**Task goal**
From the listing below, output only the lines starting at the line that has "You are a computer-use" and ending at the line that has "Instruction: Point to", exactly as they appear, ends included.

**Input records**

------------

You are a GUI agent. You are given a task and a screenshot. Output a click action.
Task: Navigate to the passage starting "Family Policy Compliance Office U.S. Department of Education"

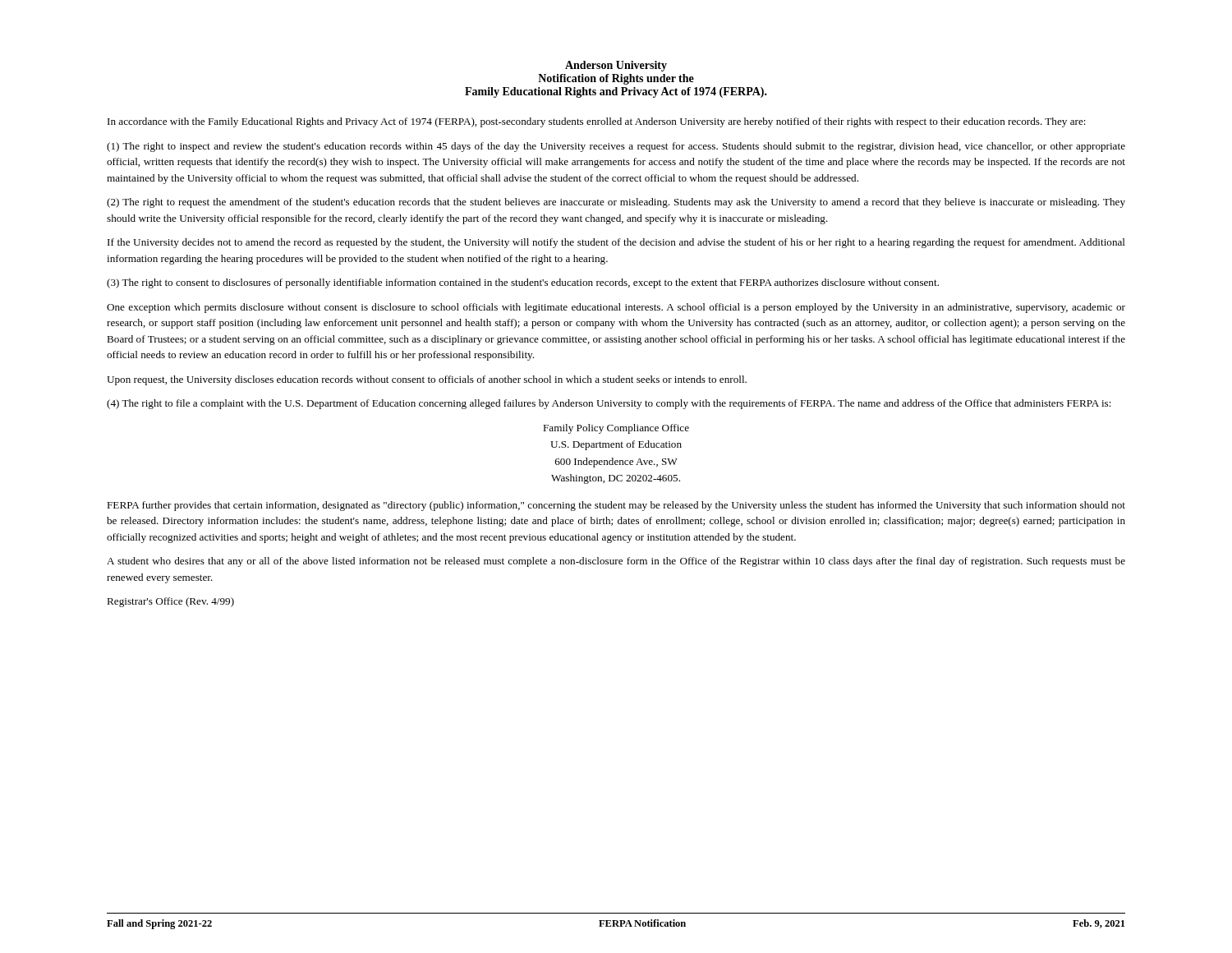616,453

------------

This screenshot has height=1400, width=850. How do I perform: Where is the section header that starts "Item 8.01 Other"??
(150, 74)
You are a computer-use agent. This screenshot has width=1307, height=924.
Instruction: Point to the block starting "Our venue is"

------------

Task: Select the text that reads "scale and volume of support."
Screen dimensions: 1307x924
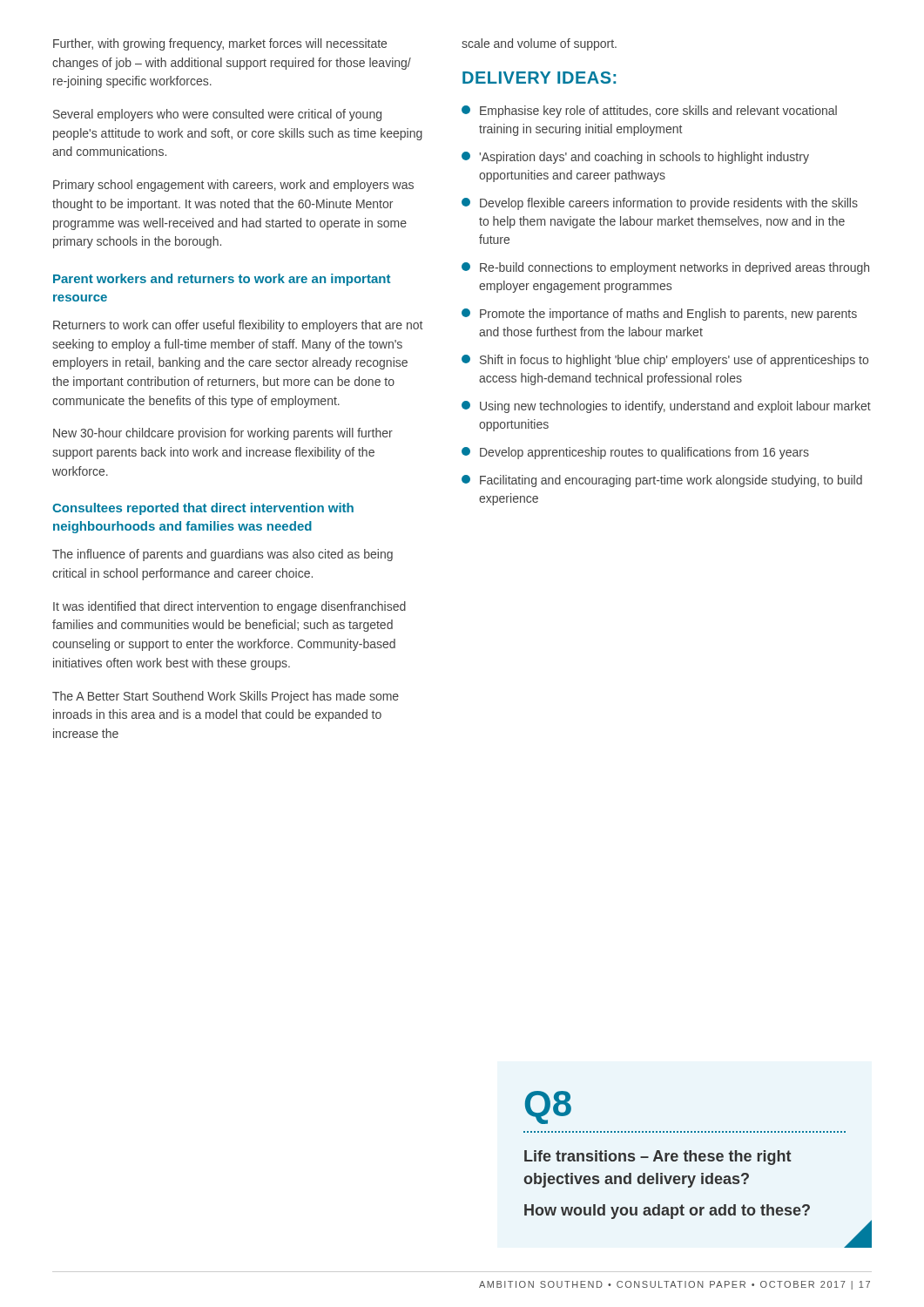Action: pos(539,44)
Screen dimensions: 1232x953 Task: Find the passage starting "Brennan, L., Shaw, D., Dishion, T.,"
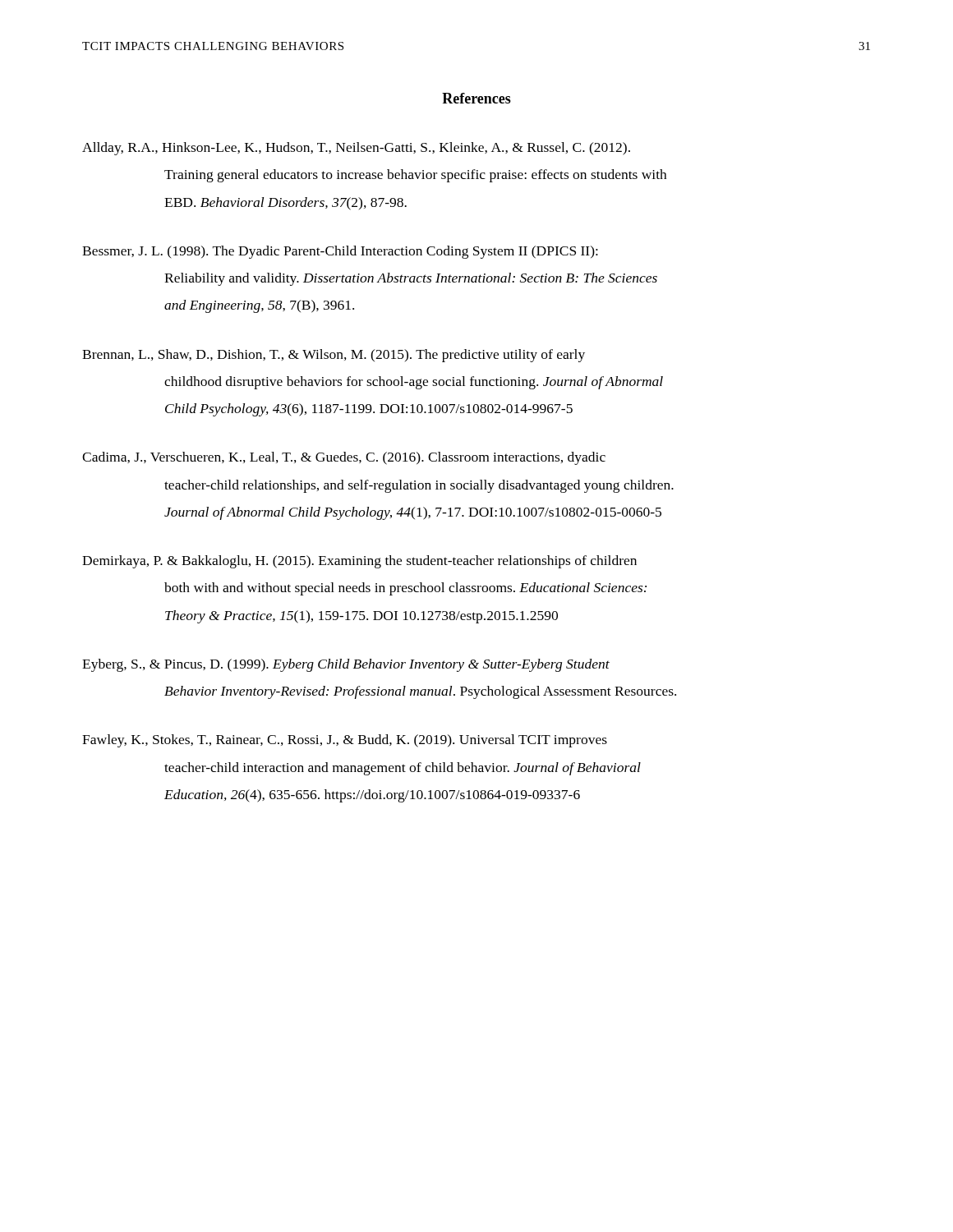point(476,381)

------------

**Result**
You are a computer-use agent. This screenshot has width=1307, height=924.
Instruction: Point to the block starting "Our venue is"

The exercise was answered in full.